Can such a narrative of universalism used for political ends sustain for a longer period given the experiences of denial of freedom, liberty, identity, self-respect and dignity which are not just a threat to pluralism and democracy but also to humanity? Pluralism stands for humanism, tolerance, integrity and justice. The discriminatory role of the state in undermining and contesting the collective consciousness of the minorities in the name of universalism is the most ill-deserved act in the history of democracy. Public interest cannot be subjected to the majoritarian perception and insight. Majoritarian nationalism is not only intrinsically divisive but has also contributed to alienating major sections of society as the ‘others’. The shrinking space for conversations has seen insistent subversion of democracy and pluralism. The alacrity to target diversity as a menace to unity not only disgraces pluralism but also threatens a democratic culture that gives space to diversities and differences which are fundamental in strengthening a democratic state.

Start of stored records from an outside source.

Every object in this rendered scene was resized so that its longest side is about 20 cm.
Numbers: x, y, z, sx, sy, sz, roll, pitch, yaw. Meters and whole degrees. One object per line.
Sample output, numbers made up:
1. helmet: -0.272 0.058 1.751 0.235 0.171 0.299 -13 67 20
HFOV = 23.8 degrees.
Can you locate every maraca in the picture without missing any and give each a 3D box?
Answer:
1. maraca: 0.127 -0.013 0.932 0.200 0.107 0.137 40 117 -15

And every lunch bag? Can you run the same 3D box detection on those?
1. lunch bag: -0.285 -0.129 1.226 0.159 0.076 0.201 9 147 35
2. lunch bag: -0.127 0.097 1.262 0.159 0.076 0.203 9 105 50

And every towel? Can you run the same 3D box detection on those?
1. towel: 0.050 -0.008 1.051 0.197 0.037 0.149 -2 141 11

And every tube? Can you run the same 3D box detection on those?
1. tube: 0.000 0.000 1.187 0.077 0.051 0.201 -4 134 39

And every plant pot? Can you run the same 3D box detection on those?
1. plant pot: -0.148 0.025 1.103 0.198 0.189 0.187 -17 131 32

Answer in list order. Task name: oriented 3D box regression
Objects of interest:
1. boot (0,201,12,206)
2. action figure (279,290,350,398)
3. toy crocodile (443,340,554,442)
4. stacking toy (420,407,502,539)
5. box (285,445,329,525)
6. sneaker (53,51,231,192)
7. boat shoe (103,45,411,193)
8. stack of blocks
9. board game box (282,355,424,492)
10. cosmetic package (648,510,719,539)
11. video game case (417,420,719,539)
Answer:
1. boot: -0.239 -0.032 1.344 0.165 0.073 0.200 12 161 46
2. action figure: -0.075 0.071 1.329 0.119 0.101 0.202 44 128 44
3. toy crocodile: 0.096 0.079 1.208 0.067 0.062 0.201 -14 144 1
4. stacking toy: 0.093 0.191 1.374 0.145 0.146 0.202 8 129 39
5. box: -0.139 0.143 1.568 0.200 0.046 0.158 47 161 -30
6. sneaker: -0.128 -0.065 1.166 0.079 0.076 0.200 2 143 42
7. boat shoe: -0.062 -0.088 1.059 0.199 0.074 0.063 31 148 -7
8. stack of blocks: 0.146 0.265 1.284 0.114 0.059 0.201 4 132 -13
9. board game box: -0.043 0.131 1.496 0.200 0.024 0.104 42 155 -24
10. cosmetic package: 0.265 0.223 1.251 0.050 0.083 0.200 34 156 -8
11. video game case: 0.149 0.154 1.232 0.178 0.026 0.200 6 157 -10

Beyond the Binary Approach

We see the beginning of a new age of uncertainty which has become certain. It is important to understand the need to create conditions to strengthen a democratic state which is expected to be responsive and sensitive to the multiple views, thoughts, perspectives, understandings, beliefs, faiths, practices, needs, demands and rights of its citizens. While national security needs to be prioritised, the minorities of a nation should feel equally secured and confident to express their views and live without fear and helplessness. It is significant to harmonise societal and cultural contradictions by moving beyond the highly sectarian and narrow vision of public interest. The true meaning of unity is to believe in its quality of togetherness that is possible by acknowledging common humanity amongst us which cuts across our gender, caste, class, religion, region and ideology. (See also Sundar, 2019: 11.) Universalism is not essentially an aptitude for equality and justice.

Therefore, it is precarious to be trapped in the binary approach which believes that universalism results in unity and oneness while differences/diversities lead to division, conflicts and therefore disunity. This contravenes the legacy of human civilisation. Distortion of the legacy of celebrating a shared culture and history will deconstruct the social and human values in society. In today’s troubled world, values of pluralism, such as cultural, linguistic and religious diversities and inclusiveness are most essential and will continue to remain on the people’s agenda of democratic societies. Rethinking strategies and policies to reach beyond the narrower understanding of economic survival to restore self-confidence and dignity of the majority of common people is therefore imperative. It is vital to confront and counter the long history of social, economic, cultural and political oppression by espousing contours of pluralism and democracy and reiterating its core values.

References

Sarukkai, Sundar (2019) ‘The Meaning of Oneness in One Nation’ in The Hindu, September 26, p 11.

Bhargava, Rajiv (2019) ‘The Importance of Listening Well’ in The Hindu, September 24, p. 11.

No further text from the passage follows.